Safe Travels, enjoy your wee Grandson.


----------



## sewingbuster (Oct 1, 2012)

I was raised in Fruitvale, schooled in Trail, so know the area very well. Beautiful countryside. Would definitely welcome a chat/coffee with you if we were closer to the area. Living in Kamloops (desert type) area now. Welcome to Canada.

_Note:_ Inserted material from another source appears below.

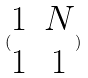Convert formula to latex. <formula><loc_0><loc_0><loc_500><loc_500>( \begin{matrix} 1 & N \\ 1 & 1 \end{matrix} )</formula>

Enjoy your stay and safe travels.


----------



## 30Knitter (Apr 9, 2012)

Great job!! That was cute.


----------



## mrs.j (Apr 4, 2011)

having requested a pattern for thomas the tank engine, I am now in New Zealand and given my friend the jumper which was machine knitted unfortunately I did not realize it had to be all swiss darned and it had to be finished over here which really took a lot of patience but successful. now I am awaiting a photo of little Jake aged 3.


----------



## mrs.j (Apr 4, 2011)

having requested a pattern for thomas the tank engine, I am now in New Zealand and given my friend the jumper which was machine knitted unfortunately I did not realize it had to be all swiss darned and it had to be finished over here which really took a lot of patience but successful. now I am awaiting a photo of little Jake aged 3.


----------



## mrs.j (Apr 4, 2011)

who in NZ sells coned 4ply Possum/Merino machine knitting wool.


----------



## mrs.j (Apr 4, 2011)

oops in Auckland.


----------